Records supplied:
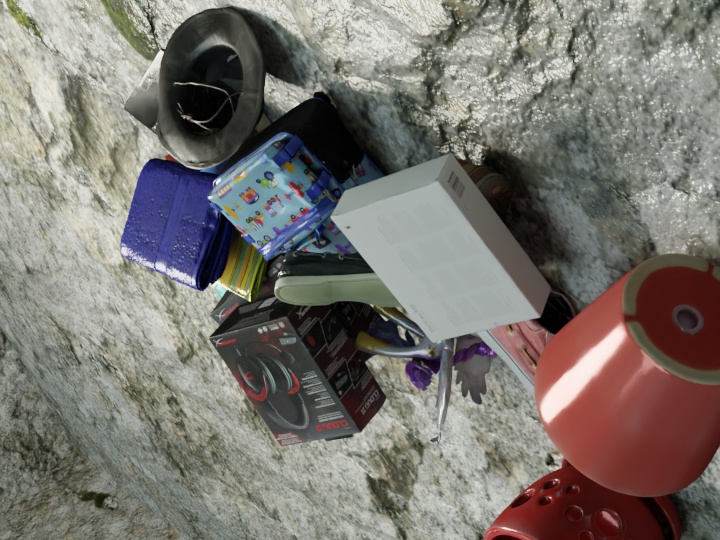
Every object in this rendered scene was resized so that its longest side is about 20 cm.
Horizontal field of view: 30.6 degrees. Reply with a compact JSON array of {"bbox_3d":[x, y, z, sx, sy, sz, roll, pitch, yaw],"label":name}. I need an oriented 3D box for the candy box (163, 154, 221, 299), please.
[{"bbox_3d":[-0.207,-0.063,1.930,0.169,0.077,0.200,54,160,32],"label":"candy box"}]

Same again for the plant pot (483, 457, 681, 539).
[{"bbox_3d":[0.282,0.329,1.617,0.200,0.182,0.201,38,155,22],"label":"plant pot"}]

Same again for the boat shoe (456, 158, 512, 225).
[{"bbox_3d":[0.118,-0.049,1.467,0.072,0.076,0.200,41,147,25],"label":"boat shoe"}]

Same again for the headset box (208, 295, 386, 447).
[{"bbox_3d":[-0.073,0.130,1.649,0.148,0.075,0.200,-15,114,41],"label":"headset box"}]

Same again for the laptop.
[{"bbox_3d":[-0.235,-0.162,1.744,0.200,0.103,0.177,38,148,-9],"label":"laptop"}]

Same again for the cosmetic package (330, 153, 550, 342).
[{"bbox_3d":[0.086,-0.019,1.402,0.150,0.052,0.200,-17,123,38],"label":"cosmetic package"}]

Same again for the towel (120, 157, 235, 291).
[{"bbox_3d":[-0.234,-0.063,1.727,0.049,0.148,0.200,16,-178,-43],"label":"towel"}]

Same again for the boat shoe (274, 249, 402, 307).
[{"bbox_3d":[0.000,0.001,1.547,0.198,0.066,0.075,-3,149,9],"label":"boat shoe"}]

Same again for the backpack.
[{"bbox_3d":[-0.059,-0.083,1.593,0.182,0.135,0.200,-27,112,41],"label":"backpack"}]

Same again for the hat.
[{"bbox_3d":[-0.164,-0.218,1.625,0.200,0.201,0.081,27,-169,38],"label":"hat"}]

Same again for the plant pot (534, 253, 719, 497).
[{"bbox_3d":[0.285,0.090,1.265,0.200,0.200,0.178,41,147,15],"label":"plant pot"}]

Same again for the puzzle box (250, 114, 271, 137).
[{"bbox_3d":[-0.154,-0.181,1.772,0.200,0.025,0.133,52,155,-9],"label":"puzzle box"}]

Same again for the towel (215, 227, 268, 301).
[{"bbox_3d":[-0.187,-0.028,1.712,0.018,0.086,0.200,11,-172,-44],"label":"towel"}]

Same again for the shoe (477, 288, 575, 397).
[{"bbox_3d":[0.221,0.092,1.498,0.200,0.072,0.091,44,145,-12],"label":"shoe"}]

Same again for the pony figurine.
[{"bbox_3d":[0.097,0.090,1.613,0.199,0.167,0.194,20,121,16],"label":"pony figurine"}]

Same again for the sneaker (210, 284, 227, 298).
[{"bbox_3d":[-0.107,0.005,1.804,0.200,0.084,0.121,-38,86,27],"label":"sneaker"}]

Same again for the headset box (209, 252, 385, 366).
[{"bbox_3d":[-0.072,0.072,1.727,0.149,0.077,0.200,-37,102,29],"label":"headset box"}]
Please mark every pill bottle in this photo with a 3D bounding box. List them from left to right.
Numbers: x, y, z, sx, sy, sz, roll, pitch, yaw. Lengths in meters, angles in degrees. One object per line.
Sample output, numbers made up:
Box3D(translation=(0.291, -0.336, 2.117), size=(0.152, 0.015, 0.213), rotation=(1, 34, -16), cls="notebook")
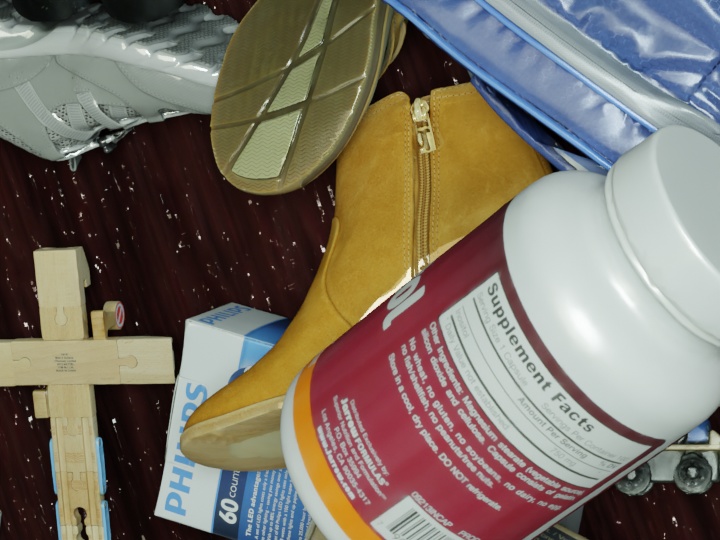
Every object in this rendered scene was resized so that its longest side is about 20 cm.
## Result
Box3D(translation=(0.070, 0.034, 0.855), size=(0.200, 0.113, 0.113), rotation=(-39, 82, 31), cls="pill bottle")

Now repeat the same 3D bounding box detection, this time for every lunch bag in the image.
Box3D(translation=(0.110, -0.108, 0.925), size=(0.200, 0.136, 0.133), rotation=(39, 108, 12), cls="lunch bag")

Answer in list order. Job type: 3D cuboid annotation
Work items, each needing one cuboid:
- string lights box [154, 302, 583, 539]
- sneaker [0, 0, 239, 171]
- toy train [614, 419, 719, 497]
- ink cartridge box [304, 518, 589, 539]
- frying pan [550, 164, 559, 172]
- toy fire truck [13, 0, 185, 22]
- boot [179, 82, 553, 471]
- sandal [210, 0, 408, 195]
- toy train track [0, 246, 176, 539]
Box3D(translation=(0.007, 0.092, 1.052), size=(0.199, 0.059, 0.104), rotation=(15, 104, 19), cls="string lights box")
Box3D(translation=(-0.132, -0.090, 1.092), size=(0.199, 0.075, 0.083), rotation=(7, 114, 25), cls="sneaker")
Box3D(translation=(0.198, 0.077, 0.986), size=(0.198, 0.034, 0.046), rotation=(-3, 82, 13), cls="toy train")
Box3D(translation=(0.038, 0.192, 0.996), size=(0.164, 0.075, 0.201), rotation=(29, 132, 9), cls="ink cartridge box")
Box3D(translation=(0.036, -0.042, 1.048), size=(0.115, 0.031, 0.191), rotation=(-31, 87, 20), cls="frying pan")
Box3D(translation=(-0.143, -0.234, 1.054), size=(0.175, 0.201, 0.129), rotation=(3, 139, 22), cls="toy fire truck")
Box3D(translation=(0.000, 0.000, 1.003), size=(0.200, 0.071, 0.145), rotation=(-21, 61, 14), cls="boot")
Box3D(translation=(-0.009, -0.125, 1.027), size=(0.080, 0.054, 0.201), rotation=(7, 72, 31), cls="sandal")
Box3D(translation=(-0.143, 0.086, 1.127), size=(0.114, 0.033, 0.202), rotation=(-1, 101, 13), cls="toy train track")
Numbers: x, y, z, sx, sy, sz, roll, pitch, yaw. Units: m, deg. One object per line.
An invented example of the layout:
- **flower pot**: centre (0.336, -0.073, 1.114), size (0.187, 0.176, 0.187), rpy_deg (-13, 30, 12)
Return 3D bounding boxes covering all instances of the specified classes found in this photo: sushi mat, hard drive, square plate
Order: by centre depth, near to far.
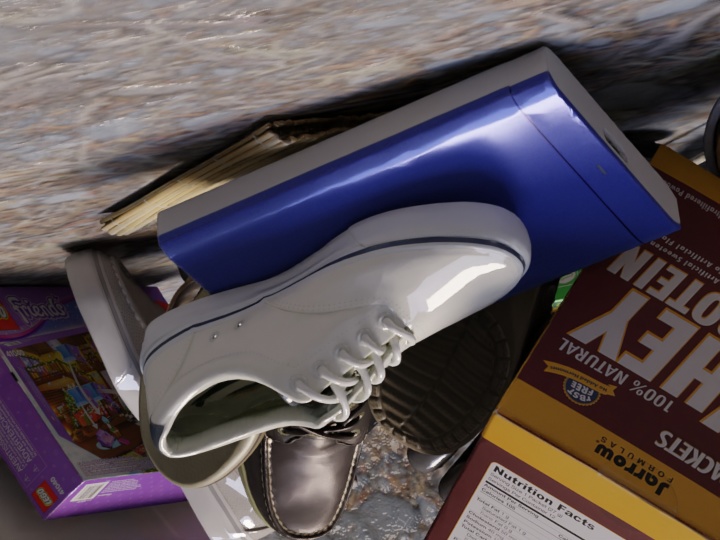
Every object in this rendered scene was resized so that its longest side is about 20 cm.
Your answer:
- **hard drive**: centre (0.027, -0.022, 1.224), size (0.200, 0.025, 0.132), rpy_deg (-22, 141, 23)
- **sushi mat**: centre (-0.045, -0.046, 1.287), size (0.095, 0.012, 0.200), rpy_deg (-9, 172, -29)
- **square plate**: centre (-0.188, 0.101, 1.525), size (0.028, 0.198, 0.200), rpy_deg (-48, 157, 22)

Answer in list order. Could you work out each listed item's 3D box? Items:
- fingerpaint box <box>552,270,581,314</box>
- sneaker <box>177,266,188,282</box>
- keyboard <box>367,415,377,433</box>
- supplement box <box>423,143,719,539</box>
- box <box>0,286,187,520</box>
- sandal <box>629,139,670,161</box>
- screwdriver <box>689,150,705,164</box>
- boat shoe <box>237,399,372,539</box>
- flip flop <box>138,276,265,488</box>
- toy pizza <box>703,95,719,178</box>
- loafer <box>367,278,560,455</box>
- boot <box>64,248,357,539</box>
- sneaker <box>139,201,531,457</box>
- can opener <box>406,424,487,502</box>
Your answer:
- **fingerpaint box**: centre (0.077, 0.004, 1.642), size (0.199, 0.074, 0.167), rpy_deg (-11, 173, -2)
- **sneaker**: centre (0.000, 0.000, 1.484), size (0.199, 0.096, 0.079), rpy_deg (15, 168, -8)
- **keyboard**: centre (-0.010, 0.089, 1.614), size (0.127, 0.021, 0.200), rpy_deg (-44, 172, -1)
- **supplement box**: centre (0.132, 0.090, 1.318), size (0.197, 0.133, 0.200), rpy_deg (-55, 174, -39)
- **box**: centre (-0.147, 0.072, 1.549), size (0.039, 0.137, 0.200), rpy_deg (-44, 159, 22)
- **sandal**: centre (0.093, -0.040, 1.431), size (0.200, 0.045, 0.075), rpy_deg (-5, 170, -43)
- **screwdriver**: centre (0.190, -0.063, 1.463), size (0.029, 0.028, 0.200), rpy_deg (-41, -175, -30)
- **boat shoe**: centre (-0.025, 0.058, 1.406), size (0.073, 0.201, 0.065), rpy_deg (-4, -156, -15)
- **flip flop**: centre (-0.073, 0.041, 1.353), size (0.058, 0.081, 0.200), rpy_deg (-31, 164, -40)
- **toy pizza**: centre (0.264, -0.055, 1.285), size (0.200, 0.032, 0.200), rpy_deg (2, 147, 2)
- **loafer**: centre (0.067, 0.008, 1.354), size (0.068, 0.076, 0.200), rpy_deg (-36, 157, -56)
- **boot**: centre (-0.077, 0.055, 1.470), size (0.095, 0.200, 0.074), rpy_deg (-27, -153, 5)
- **sneaker**: centre (-0.010, 0.034, 1.213), size (0.200, 0.071, 0.073), rpy_deg (-24, 140, 25)
- **can opener**: centre (0.085, 0.073, 1.540), size (0.067, 0.053, 0.200), rpy_deg (-41, 180, 22)
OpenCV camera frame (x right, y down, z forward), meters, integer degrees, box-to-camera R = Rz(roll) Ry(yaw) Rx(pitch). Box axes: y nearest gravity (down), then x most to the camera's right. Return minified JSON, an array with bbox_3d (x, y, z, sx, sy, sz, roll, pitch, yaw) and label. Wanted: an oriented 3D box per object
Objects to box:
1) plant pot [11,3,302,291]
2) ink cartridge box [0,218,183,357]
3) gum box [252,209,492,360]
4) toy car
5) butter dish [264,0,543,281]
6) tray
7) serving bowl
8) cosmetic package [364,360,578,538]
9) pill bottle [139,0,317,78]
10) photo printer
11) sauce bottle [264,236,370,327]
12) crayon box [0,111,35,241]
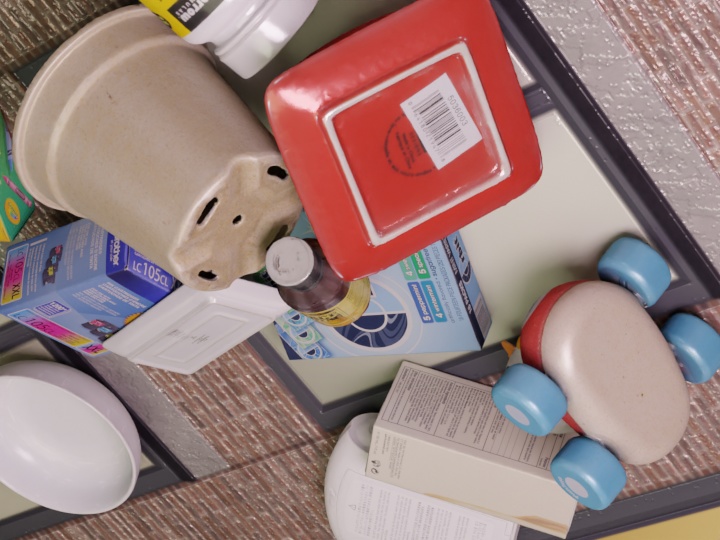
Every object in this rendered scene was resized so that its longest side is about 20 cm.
[{"bbox_3d":[-0.151,-0.085,1.500,0.183,0.200,0.201,42,143,31],"label":"plant pot"},{"bbox_3d":[-0.219,0.007,1.711,0.200,0.077,0.136,-19,148,33],"label":"ink cartridge box"},{"bbox_3d":[0.000,0.000,1.665,0.200,0.045,0.170,-5,126,26],"label":"gum box"},{"bbox_3d":[0.177,0.085,1.611,0.177,0.184,0.200,50,158,-22],"label":"toy car"},{"bbox_3d":[0.021,-0.128,1.484,0.199,0.148,0.200,-28,122,-7],"label":"butter dish"},{"bbox_3d":[-0.148,0.055,1.698,0.107,0.022,0.200,16,150,-31],"label":"tray"},{"bbox_3d":[-0.316,0.165,1.932,0.200,0.066,0.200,12,133,14],"label":"serving bowl"},{"bbox_3d":[0.115,0.167,1.720,0.200,0.105,0.071,18,130,10],"label":"cosmetic package"},{"bbox_3d":[-0.135,-0.253,1.453,0.200,0.114,0.114,41,133,-14],"label":"pill bottle"},{"bbox_3d":[0.062,0.229,1.823,0.200,0.070,0.167,16,133,10],"label":"photo printer"},{"bbox_3d":[-0.039,0.007,1.536,0.066,0.066,0.200,11,174,15],"label":"sauce bottle"},{"bbox_3d":[-0.394,-0.122,1.718,0.119,0.058,0.200,3,130,20],"label":"crayon box"}]
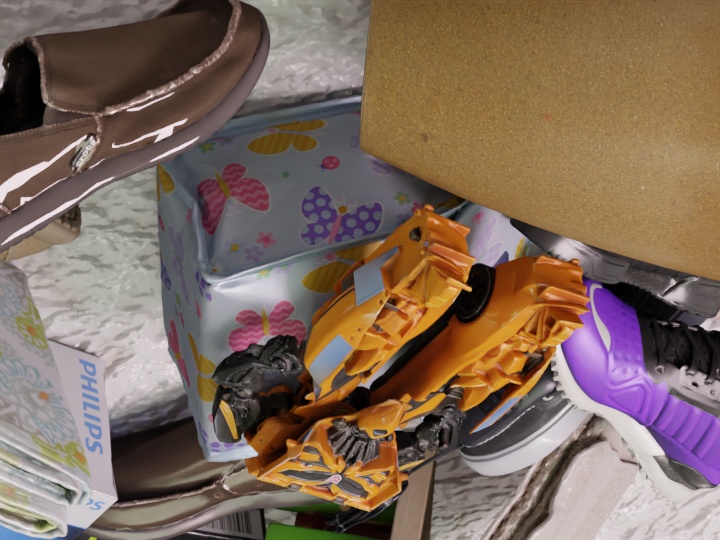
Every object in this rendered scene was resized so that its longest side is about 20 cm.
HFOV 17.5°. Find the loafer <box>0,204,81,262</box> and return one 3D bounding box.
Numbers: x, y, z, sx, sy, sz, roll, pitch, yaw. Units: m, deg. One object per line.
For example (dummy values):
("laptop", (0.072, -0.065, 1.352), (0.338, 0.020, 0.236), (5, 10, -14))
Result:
("loafer", (-0.224, -0.052, 1.162), (0.067, 0.076, 0.200), (-36, 135, 19))

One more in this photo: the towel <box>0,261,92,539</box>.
("towel", (-0.223, 0.034, 1.170), (0.048, 0.200, 0.171), (-42, 132, 15))

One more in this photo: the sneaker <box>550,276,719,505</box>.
("sneaker", (0.177, 0.053, 1.291), (0.099, 0.070, 0.200), (-18, 140, 26))

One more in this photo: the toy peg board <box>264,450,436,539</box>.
("toy peg board", (-0.016, 0.233, 1.478), (0.098, 0.200, 0.199), (8, 141, 5))

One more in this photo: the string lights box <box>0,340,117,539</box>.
("string lights box", (-0.223, 0.138, 1.370), (0.059, 0.103, 0.200), (22, 130, -33))

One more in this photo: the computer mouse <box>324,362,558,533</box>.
("computer mouse", (0.047, 0.093, 1.350), (0.200, 0.059, 0.034), (-38, 90, 26))

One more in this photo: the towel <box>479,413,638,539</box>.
("towel", (0.104, 0.180, 1.446), (0.200, 0.034, 0.133), (-56, 157, -1))

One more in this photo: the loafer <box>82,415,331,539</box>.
("loafer", (-0.089, 0.106, 1.399), (0.200, 0.073, 0.071), (-11, 131, -7))

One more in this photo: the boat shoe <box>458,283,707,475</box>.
("boat shoe", (0.120, 0.046, 1.370), (0.066, 0.070, 0.200), (33, 123, -31))

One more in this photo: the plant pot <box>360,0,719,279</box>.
("plant pot", (0.103, -0.096, 1.118), (0.200, 0.187, 0.187), (7, 140, 1))

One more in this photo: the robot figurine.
("robot figurine", (0.015, 0.052, 1.165), (0.145, 0.058, 0.200), (19, 132, -29))

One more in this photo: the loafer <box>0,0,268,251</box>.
("loafer", (-0.130, -0.080, 1.100), (0.200, 0.073, 0.071), (-36, 127, -19))

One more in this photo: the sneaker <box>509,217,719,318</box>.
("sneaker", (0.170, -0.038, 1.247), (0.200, 0.060, 0.104), (19, 106, -44))

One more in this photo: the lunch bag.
("lunch bag", (0.000, 0.000, 1.243), (0.200, 0.127, 0.170), (-14, 143, -15))

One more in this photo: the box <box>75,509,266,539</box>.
("box", (-0.166, 0.211, 1.524), (0.143, 0.036, 0.200), (12, 137, -25))
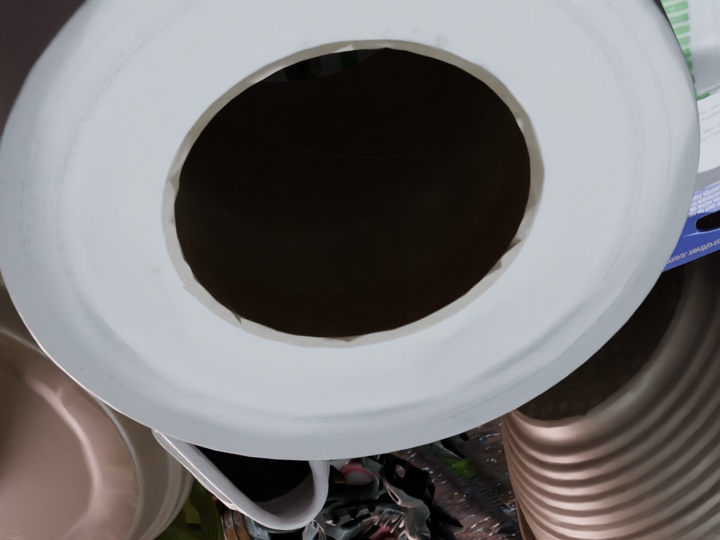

What is being asked: Could you write out exactly the lines running from the one with "One more in this photo: the lunch bag." through the last line of the data above, both ends kept, and omit any picture?

Response to this task:
One more in this photo: the lunch bag.
("lunch bag", (0.000, 0.000, 1.243), (0.200, 0.127, 0.170), (-14, 143, -15))

One more in this photo: the box <box>75,509,266,539</box>.
("box", (-0.166, 0.211, 1.524), (0.143, 0.036, 0.200), (12, 137, -25))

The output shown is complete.